Non è facile essere giovani negli anni della crisi (e post). Il contesto in cui vivono limita la loro possibilità di spensieratezza. Si trovano in un mondo che, se da una parte esalta, in quanto costituito da molteplicità di prodotti nuovi e originali, dall’agevolazione rispetto al passato, dallo svolgere le attività quotidiane attraverso le piattaforme on-line, dalla maggiore accessibilità a informazioni, prodotti e servizi e dalla possibilità di un contatto costante con i pari grazie ai social, dall’altra è caratterizzato però dalla consapevolezza della crisi economica che costringe a prudenza e autocontrollo; la disoccupazione, il reddito incerto, una iper stimolazione in cui è più difficile orientarsi. Una generazione, rispetto alla precedente, limitata nella possibilità di mettersi in gioco e costretta ad essere quindi più cauta.

Uno studio recente condotto pre e post covid ha messo in evidenza una caratteristica peculiare di questa generazione, ovvero una resilienza e determinazione che li differenzia dalle generazioni precedenti. Molti millennials hanno perso il lavoro durante la pandemia, a molti altri sono state ridotte le ore di lavoro, mentre alcuni hanno lavorato più ore senza un aumento retributivo. Solo un terzo dei millennials e della generazione Z (nati fra il 1995 e il 2010) che ha partecipato al sondaggio, non ha avuto ripercussioni lavorative a seguito della pandemia.

Nonostante il sondaggio dell’anno prima avesse messo in risalto un certo grado di pessimismo e disagio in questa generazione, la pandemia non sembra aver esacerbato questi sentimenti. Anzi sono emersi maggiore ottimismo in relazione alla questione ambientale, un forte impegno per la responsabilità finanziaria e il risparmio (Deloitte Global Millennial Survey, 2020).

Secondo un’analisi di una banca americana del 2020, i millennials sono buoni risparmiatori ma niente a che vedere con quanto riuscivano a mettere da parte i loro genitori o i nonni. Infatti questa nuova generazione comincia a pensare alla pensione già all’età di 24 anni, una chiara inclinazione di come iniziano a pensare e programmare il proprio futuro, del quale non hanno una visione ottimistica (Angelo Valente, Marco Casanova, 2021, Wall Street Italia).

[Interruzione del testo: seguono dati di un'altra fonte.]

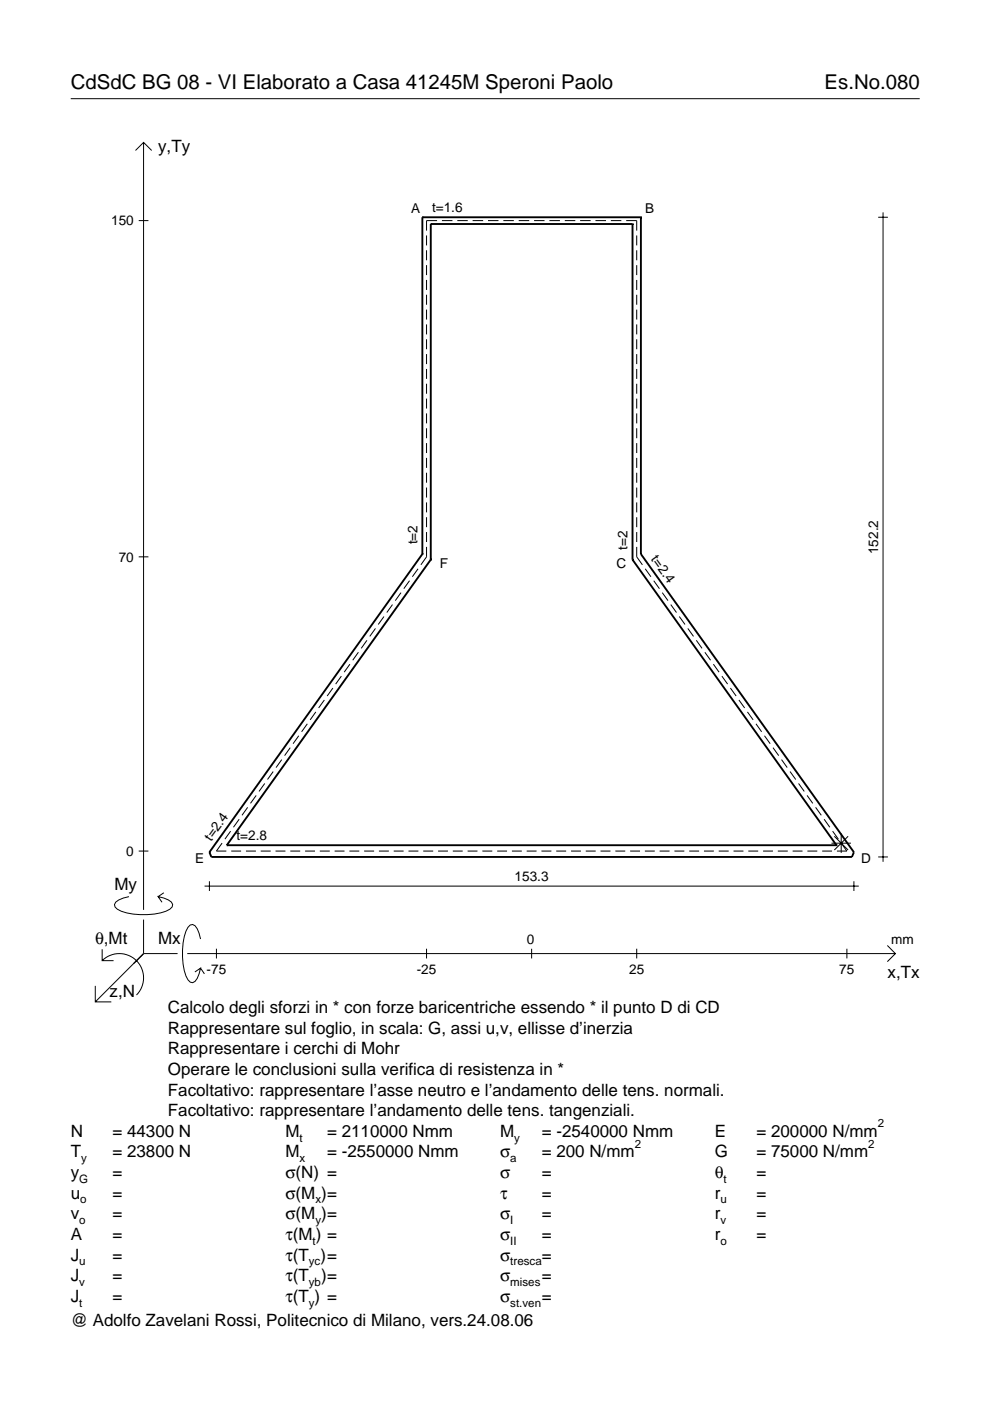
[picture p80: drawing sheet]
<svg xmlns="http://www.w3.org/2000/svg" width="210mm" height="297mm" viewBox="0 0 210 297" stroke-linecap="round" stroke-linejoin="round" font-family="sans-serif">
<defs><g id="words">
<g font-size="4.3">
<text x="15" y="18.9">CdSdC BG 08 - VI Elaborato a Casa 41245M Speroni Paolo</text>
<text x="174.8" y="18.9">Es.No.080</text>
</g>
<g font-size="3.6">
<text x="33.5" y="32.3">y,Ty</text>
<text x="24.3" y="188.8">My</text>
<text x="20.1" y="200.1">θ,Mt</text>
<text x="33.5" y="200.1">Mx</text>
<text x="188.2" y="207.3">x,Tx</text>
<text x="23.2" y="211.4">z,N</text>
<text x="35.6" y="214.8">Calcolo degli sforzi in * con forze baricentriche essendo * il punto D di CD</text>
<text x="35.6" y="219.2">Rappresentare sul foglio, in scala: G, assi u,v, ellisse d’inerzia</text>
<text x="35.6" y="223.5">Rappresentare i cerchi di Mohr</text>
<text x="35.6" y="227.9">Operare le conclusioni sulla verifica di resistenza in *</text>
<text x="35.6" y="232.3">Facoltativo: rappresentare l’asse neutro e l’andamento delle tens. normali.</text>
<text x="35.6" y="236.7">Facoltativo: rappresentare l’andamento delle tens. tangenziali.</text>
<text x="15" y="241">N</text>
<text x="15" y="245.4">T</text>
<text x="23.8" y="245.4">= 23800 N</text>
<text x="23.8" y="241">= 44300 N</text>
<text x="60.5" y="245.4">M</text>
<text x="60.5" y="241">M</text>
<text x="69.3" y="241">= 2110000 Nmm</text>
<text x="69.3" y="245.4">= -2550000 Nmm</text>
<text x="106" y="241">M</text>
<text x="106" y="245.4">σ</text>
<text x="114.9" y="241">= -2540000 Nmm</text>
<text x="114.9" y="245.4">= 200 N/mm</text>
<text x="151.5" y="241">E</text>
<text x="151.5" y="245.4">G</text>
<text x="160.4" y="241">= 200000 N/mm</text>
<text x="160.4" y="245.4">= 75000 N/mm</text>
<text x="15" y="249.8">y</text>
<text x="23.8" y="249.8">=</text>
<text x="60.5" y="249.8">σ(N) =</text>
<text x="106" y="249.8">σ</text>
<text x="114.9" y="249.8">=</text>
<text x="151.5" y="249.8">θ</text>
<text x="160.4" y="249.8">=</text>
<text x="15" y="254.2">u</text>
<text x="23.8" y="254.2">=</text>
<text x="60.5" y="254.2">σ(M )=</text>
<text x="106" y="254.2">τ</text>
<text x="114.9" y="254.2">=</text>
<text x="151.5" y="254.2">r</text>
<text x="160.4" y="254.2">=</text>
<text x="15" y="258.5">v</text>
<text x="15" y="262.9">A</text>
<text x="23.8" y="262.9">=</text>
<text x="23.8" y="258.5">=</text>
<text x="60.5" y="258.5">σ(M )=</text>
<text x="60.5" y="262.9">τ(M ) =</text>
<text x="106" y="262.9">σ</text>
<text x="106" y="258.5">σ</text>
<text x="114.9" y="258.5">=</text>
<text x="114.9" y="262.9">=</text>
<text x="151.5" y="258.5">r</text>
<text x="151.5" y="262.9">r</text>
<text x="160.4" y="258.5">=</text>
<text x="160.4" y="262.9">=</text>
<text x="15" y="267.3">J</text>
<text x="23.8" y="267.3">=</text>
<text x="60.5" y="267.3">τ(T )=</text>
<text x="106" y="267.3">σ</text>
<text x="114.9" y="267.3">=</text>
<text x="15" y="271.7">J</text>
<text x="23.8" y="271.7">=</text>
<text x="60.5" y="271.7">τ(T</text>
<text x="68.1" y="271.7">)=</text>
<text x="106" y="271.7">σ</text>
<text x="114.9" y="271.7">=</text>
<text x="15" y="281.2">@ Adolfo Zavelani Rossi, Politecnico di Milano, vers.24.08.06</text>
<text x="15" y="276">J</text>
<text x="23.8" y="276">=</text>
<text x="60.5" y="276">τ(T ) =</text>
<text x="106" y="276">σ</text>
<text x="114.9" y="276">=</text>
</g>
<g font-size="2.9">
<text x="23.6" y="47.8">150</text>
<text x="87.2" y="45.1">A</text>
<text x="91.6" y="45">t=1.6</text>
<text x="136.8" y="45.1">B</text>
<text x="25.2" y="119.1">70</text>
<text x="88.5" y="115.4" transform="rotate(-90 88.5 115.4)">t=2</text>
<text x="133.1" y="116.6" transform="rotate(-90 133.1 116.6)">t=2</text>
<text x="137.9" y="118.6" transform="rotate(54 137.9 118.6)">t=2.4</text>
<text x="186.2" y="117.5" transform="rotate(-90 186.2 117.5)">152.2</text>
<text x="93.2" y="120.4">F</text>
<text x="130.7" y="120.4">C</text>
<text x="44.7" y="178.4" transform="rotate(-54 44.7 178.4)">t=2.4</text>
<text x="50.1" y="178.2">t=2.8</text>
<text x="26.8" y="181.4">0</text>
<text x="41.4" y="182.9">E</text>
<text x="182.6" y="182.9">D</text>
<text x="109.1" y="186.8">153.3</text>
<text x="111.7" y="200.1">0</text>
<text x="189" y="200.1">mm</text>
<text x="43.8" y="206.6">-75</text>
<text x="88.4" y="206.6">-25</text>
<text x="133.4" y="206.6">25</text>
<text x="178" y="206.6">75</text>
</g>
<g font-size="2.4">
<text x="186.1" y="239">2</text>
<text x="63.5" y="242">t</text>
<text x="109" y="242">y</text>
<text x="134.6" y="243.4">2</text>
<text x="184.1" y="243.4">2</text>
<text x="16.8" y="250.8">G</text>
<text x="17.2" y="246.4">y</text>
<text x="63.5" y="246.4">x</text>
<text x="108.2" y="246.4">a</text>
<text x="153.4" y="250.8">t</text>
<text x="17" y="255.2">o</text>
<text x="66.9" y="255.2">x</text>
<text x="152.7" y="255.2">u</text>
<text x="16.8" y="259.5">o</text>
<text x="66.3" y="263.9">t</text>
<text x="66.9" y="259.5">y</text>
<text x="108.2" y="259.5">I</text>
<text x="108.2" y="263.9">II</text>
<text x="152.7" y="259.5">v</text>
<text x="152.7" y="263.9">o</text>
<text x="16.8" y="268.3">u</text>
<text x="65.5" y="268.3">yc</text>
<text x="108.2" y="268.3">tresca</text>
<text x="16.8" y="272.7">v</text>
<text x="65.5" y="272.7">yb</text>
<text x="108.2" y="272.7">mises</text>
<text x="16.8" y="277">t</text>
<text x="65.5" y="277">y</text>
<text x="108.2" y="277">st.ven</text>
</g>
</g></defs>
<g fill="none" stroke="#000" stroke-width=".21">
<path d="M15 20.9h180M28.7 31.9l1.7-1.7 1.8 1.7M30.4 30.2v162.7M29.4 46.8h2.1M90.4 49.9v2.1M90.4 53.1v2.1M90.4 56.2v2.1M90.4 59.4v2.1M92.7 46.8h-2.3v2.1M93.7 46.8h2.2M97 46.8h2.2M100.2 46.8h2.2"/>
<path d="M103.5 46.8h2.2M106.7 46.8h2.2M110 46.8h2.2M113.2 46.8h2.3M116.5 46.8h2.2M119.7 46.8h2.3M123 46.8h2.2M126.3 46.8h2.2M129.5 46.8h2.2M132.8 46.8h2.2v2.1M135 49.9v2.1M135 53.1v2.1"/>
<path d="M135 56.2v2.1M135 59.4v2.1M186.2 46.1h2.1M187.2 45v137.7M90.4 62.5v2.1M90.4 65.6v2.2M90.4 68.8v2.1M90.4 71.9v2.1M90.4 75.1v2.1M90.4 78.2v2.1M135 62.5v2.1M135 65.6v2.2"/>
<path d="M135 68.8v2.1M135 71.9v2.1M135 75.1v2.1M135 78.2v2.1M90.4 81.4v2.1M90.4 84.5v2.1M90.4 87.7v2.1M90.4 90.8v2.1M90.4 93.9v2.2M90.4 97.1v2.1M135 81.4v2.1M135 84.5v2.1"/>
<path d="M135 87.7v2.1M135 90.8v2.1M135 93.9v2.2M135 97.1v2.1M29.4 118.1h2.1M90.4 100.2v2.1M90.4 103.4v2.1M90.4 106.5v2.1M90.4 109.7v2.1M90.4 112.8v2.1M90.4 116v2.1l-1.2 1.7M135 100.2v2.1"/>
<path d="M135 103.4v2.1M135 106.5v2.1M135 109.7v2.1M135 112.8v2.1M135 116v2.1l1.2 1.7M76 138.3l-1.2 1.7M77.8 135.8l-1.2 1.7M79.6 133.2l-1.2 1.7M81.4 130.7l-1.2 1.7M83.2 128.2l-1.2 1.7M85 125.7l-1.2 1.6M86.8 123.1l-1.2 1.7"/>
<path d="M88.6 120.6l-1.2 1.7M136.8 120.6l1.2 1.7M138.6 123.1l1.2 1.7M140.4 125.7l1.2 1.6M142.2 128.2l1.2 1.7M144 130.7l1.2 1.7M145.8 133.2l1.2 1.7M147.6 135.8l1.2 1.7M149.4 138.3l1.3 1.7M61.5 158.5l-1.2 1.7M63.3 156l-1.2 1.7M65.2 153.5l-1.3 1.7"/>
<path d="M67 150.9l-1.2 1.7M68.8 148.4l-1.2 1.7M70.6 145.9l-1.2 1.7M72.4 143.4l-1.2 1.6M74.2 140.8l-1.2 1.7M151.3 140.8l1.2 1.7M153.1 143.4l1.2 1.6M154.9 145.9l1.2 1.7M156.7 148.4l1.2 1.7M158.5 150.9l1.2 1.7M160.3 153.5l1.2 1.7M162.1 156l1.2 1.7"/>
<path d="M163.9 158.5l1.2 1.7M47.1 178.8l-1.2 1.6h2.1M48.9 176.2l-1.2 1.7M50.7 173.7l-1.2 1.7M52.5 171.2l-1.2 1.7M54.3 168.6l-1.2 1.7M56.1 166.1l-1.2 1.7M57.9 163.6l-1.2 1.7M59.7 161.1l-1.2 1.6M165.7 161.1l1.2 1.6M167.5 163.6l1.2 1.7M169.3 166.1l1.2 1.7"/>
<path d="M171.1 168.6l1.2 1.7M172.9 171.2l1.2 1.7M174.7 173.7l1.2 1.7M176.3 178.8h4.1M176.5 176.2l1.2 1.7M176.9 177.3l2.9 2.9M178.3 178.8l1.3 1.6h-2.2M178.4 176.7v4.1M179.8 177.3l-2.9 2.9M27.3 190.1a3.6 3.6 0 0 0-3 1.7l.1 .5a5.7 5.7 0 0 0 3.8 1.5 13.3 13.3 0 0 0 7.8-1l.5-.5 .1-.5a3.6 3.6 0 0 0-3.1-1.7l.8 1.2M29.4 180.4h2.1M30.4 195v7.2"/>
<path d="M34.7 189.3l-1.2 .8M42.5 199.1a3.6 3.6 0 0 0-1.7-3.1l-.5 .1a5.7 5.7 0 0 0-1.5 3.8 13.3 13.3 0 0 0 1 7.8l.5 .5 .5 .2a3.6 3.6 0 0 0 1.7-3.1l-1.2 .8M43.4 187.9h138.7M44.4 186.8v2.1M49 180.4h2.1M52.1 180.4h2.2M55.3 180.4h2.1M58.4 180.4h2.1M61.5 180.4h2.1M64.7 180.4h2.1M67.8 180.4h2.1M70.9 180.4h2.1"/>
<path d="M74.1 180.4h2.1M77.2 180.4h2.1M80.3 180.4h2.1M83.5 180.4h2.1M86.6 180.4h2.1M89.7 180.4h2.1M92.9 180.4h2.1M96 180.4h2.1M99.1 180.4h2.1M102.3 180.4h2.1M105.4 180.4h2.1M108.5 180.4h2.1"/>
<path d="M111.7 180.4h2.1M114.8 180.4h2.1M117.9 180.4h2.1M121.1 180.4h2.1M124.2 180.4h2.1M127.3 180.4h2.1M130.5 180.4h2.1M133.6 180.4h2.1M136.7 180.4h2.1M139.9 180.4h2.1M143 180.4h2.1M146.1 180.4h2.1"/>
<path d="M149.3 180.4h2.1M152.4 180.4h2.1M155.5 180.4h2.1M158.7 180.4h2.1M161.8 180.4h2.1M164.9 180.4h2.1M168.1 180.4h2.1M171.2 180.4h2.1M174.3 180.4h2.1M181 186.8v2.1M186.2 181.7h2.1M20.2 209v3.4h3.4"/>
<path d="M21.7 203.7a5.1 5.1 0 0 1 7.2 0 5.1 5.1 0 0 1 0 7.3M21.7 201.3v2.4h2.4M30.4 202.2l-10.2 10.2M30.4 202.2l-2 2M30.4 202.2h7.2M39.7 202.2h150.1M42.5 205.3l.8 1.2M45.9 201.2v2M90.4 201.2v2M112.7 201.2v2M135 201.2v2M179.6 201.2v2"/>
<path d="M188.1 200.5l1.7 1.7-1.7 1.7"/>
</g>
<g fill="none" stroke="#000" stroke-width=".4">
<path d="M89.5 46.1h.1M89.5 46.1h46.4M89.5 46.1v71.4M91.3 47.5h.1M91.3 47.5h42.8M91.3 47.5v71.2M134.1 47.5h.1M134.1 47.5v71.2M135.9 46.1h.1M135.9 46.1v71.4M89.5 117.5h.1M89.5 117.5l-45.1 63.2 .4 1h135.8l.4-1-45.1-63.2"/>
<path d="M91.3 118.7h.1M91.3 118.7l-43.2 60.5M134.1 118.7h.1M134.1 118.7l43.2 60.5M135.9 117.5h.1M48.1 179.2h.1M48.1 179.2h129.2M177.3 179.2h.1"/>
</g>
<use href="#words"/>
</svg>

Sembra che questa generazione, sopravvissuta a sfide economiche e sociali senza precedenti, abbia sviluppato una gran forza di vedere opportunità anche nell’oscurità del momento che sta vivendo. Una grande capacità di resilienza. Infatti, non spera solo che emerga un mondo migliore alla fine della pandemia, ma vuole essere alla guida del cambiamento.

È emerso anche un dato molto interessante riguardo ai livelli di stress provati da questa generazione pre e post covid evidenziando così delle nuove possibili strategie che stanno considerando per affrontare meglio il futuro. Questo in relazione al lavoro, alle loro finanze e gli investimenti futuri ma anche rispetto a ciò che è possibile fare per contrastare i danni causati dal cambiamento climatico con una maggiore responsabilità rispetto al benessere del pianeta.

Entrambe le generazioni hanno affermato che faranno un grande sforzo per sostenere le aziende locali e non esiteranno a penalizzare le aziende i cui valori sono in conflitto con i propri.

Dai risultati della ricerca pre covid, risultavano livelli di stress molto alti in questa generazione, a differenza dei successivi che invece mostrano un calo.

Quindi possiamo dire che prima del covid questa generazione era estremamente preoccupata, della propria salute, del benessere per le proprie famiglie, per le prospettive lavorative e per il proprio futuro finanziario.

Ma la pandemia ha costretto a un rallentamento della vita e questo ha permesso di riguadagnare terreno verso i loro obiettivi fondamentali. Uno fra questi è l’attenzione per la salute mentale che viene già ricercata a partire dal posto di lavoro.

Ci troviamo di fronte una generazione molto criticata perchè percepiti come più narcisisti, egoisti e sconclusionati, ma che allo stesso tempo è diventata fra le più resilienti e attente a temi sociali e ambientali, accantonando l’idea classica, delle generazioni precedenti, di risparmio e investimento, ma creandone di  nuove a partire dalle loro forze e fragilità.